I need some help with this question. I am getting a different answer (the actual answer should be 259).

Question:

When the repeating decimal 0.476 is converted to a rational in simplest form a/b the value of b-a is? Show your work.

Does the entire 476 repeat?

For example .476476476...

If so then in fraction form it is (476)/999 which does not reduce.

So B = 999 and A=476
B-A = ...

But the answer is 259. How do you get that?

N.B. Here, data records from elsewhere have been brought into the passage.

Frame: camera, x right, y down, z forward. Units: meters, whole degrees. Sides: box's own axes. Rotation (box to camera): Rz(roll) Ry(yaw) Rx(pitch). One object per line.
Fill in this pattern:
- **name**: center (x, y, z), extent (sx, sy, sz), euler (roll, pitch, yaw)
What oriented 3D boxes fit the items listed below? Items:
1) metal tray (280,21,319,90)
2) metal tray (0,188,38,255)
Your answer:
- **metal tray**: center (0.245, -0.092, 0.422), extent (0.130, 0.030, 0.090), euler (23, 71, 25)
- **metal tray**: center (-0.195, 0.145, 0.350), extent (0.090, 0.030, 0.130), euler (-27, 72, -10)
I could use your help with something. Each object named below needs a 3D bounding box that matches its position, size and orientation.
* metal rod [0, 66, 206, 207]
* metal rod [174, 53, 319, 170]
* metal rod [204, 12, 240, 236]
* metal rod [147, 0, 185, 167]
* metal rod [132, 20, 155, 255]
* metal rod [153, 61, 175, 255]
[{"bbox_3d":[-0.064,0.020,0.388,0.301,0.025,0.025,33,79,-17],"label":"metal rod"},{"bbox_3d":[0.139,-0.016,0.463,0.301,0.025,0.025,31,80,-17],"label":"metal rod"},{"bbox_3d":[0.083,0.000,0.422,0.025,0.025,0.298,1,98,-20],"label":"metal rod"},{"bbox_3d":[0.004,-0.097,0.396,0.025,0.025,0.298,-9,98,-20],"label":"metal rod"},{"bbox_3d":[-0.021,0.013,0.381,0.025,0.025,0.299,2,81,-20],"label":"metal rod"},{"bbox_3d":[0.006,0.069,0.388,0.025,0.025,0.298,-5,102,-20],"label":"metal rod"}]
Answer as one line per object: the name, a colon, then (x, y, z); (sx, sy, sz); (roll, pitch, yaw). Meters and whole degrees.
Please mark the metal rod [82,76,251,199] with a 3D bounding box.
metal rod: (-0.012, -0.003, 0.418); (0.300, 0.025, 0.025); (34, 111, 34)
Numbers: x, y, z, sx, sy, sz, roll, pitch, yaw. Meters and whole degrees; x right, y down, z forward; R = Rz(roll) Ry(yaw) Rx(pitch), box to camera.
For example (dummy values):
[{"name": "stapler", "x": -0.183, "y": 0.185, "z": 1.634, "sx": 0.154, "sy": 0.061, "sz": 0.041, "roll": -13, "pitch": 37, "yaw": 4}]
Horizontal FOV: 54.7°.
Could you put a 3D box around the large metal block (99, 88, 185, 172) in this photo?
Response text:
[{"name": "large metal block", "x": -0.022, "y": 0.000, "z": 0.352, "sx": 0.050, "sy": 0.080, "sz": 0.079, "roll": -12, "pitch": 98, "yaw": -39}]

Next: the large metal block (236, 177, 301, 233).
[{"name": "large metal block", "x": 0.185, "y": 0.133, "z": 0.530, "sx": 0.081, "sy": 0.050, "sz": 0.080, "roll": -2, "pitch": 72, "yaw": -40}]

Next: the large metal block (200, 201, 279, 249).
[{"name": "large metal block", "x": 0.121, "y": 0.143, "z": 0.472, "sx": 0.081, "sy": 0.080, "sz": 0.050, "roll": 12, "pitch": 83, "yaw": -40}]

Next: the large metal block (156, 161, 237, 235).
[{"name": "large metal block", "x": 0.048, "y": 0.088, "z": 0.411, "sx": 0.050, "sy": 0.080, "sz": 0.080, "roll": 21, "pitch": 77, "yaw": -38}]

You did not answer Ms Pi when she asked which digits repeat

She took it that all the digits repeat, and got the correct answer of 476/999
and the difference in the digits was not 259

So, again, which digits repeat ?
.476476476... , does not meet your condition

if .476666.... = (476-47)/900 = 143/300 , difference in digits ≠ 259

if
.4767676... = (476-4)/990 = 236/495 , difference in digits = 259
ahhh!, but next time ask the question correctly

To convert the repeating decimal 0.476 into a rational number, we first need to identify the repeating part. In this case, the digits 476 repeat continuously.

To convert the repeating decimal into a rational number, we can use the concept of an infinite geometric series.

Let x represent the repeating decimal 0.476. Multiplying x by 1000 will move the decimal point three places to the right:

1000x = 476 + 0.476 + 0.476 + 0.476 + ...

Now, subtract the two equations:

1000x - x = 476 + 0.476 + 0.476 + 0.476 + ... - 0.476 - 0.476 - 0.476 - ...

Simplifying this equation, we get:

999x = 476

To find the value of x, divide both sides of the equation by 999:

x = 476/999

Now, we have a fraction 476/999, which can be simplified to simplest form by finding the greatest common divisor (GCD) of the numerator and denominator.

The GCD of 476 and 999 is 1. Thus, we can't simplify the fraction further.

Now, we can evaluate b-a, where the numerator (a) is 476 and the denominator (b) is 999:

b - a = 999 - 476 = 523

So, the value of b − a is 523, not 259 as you mentioned.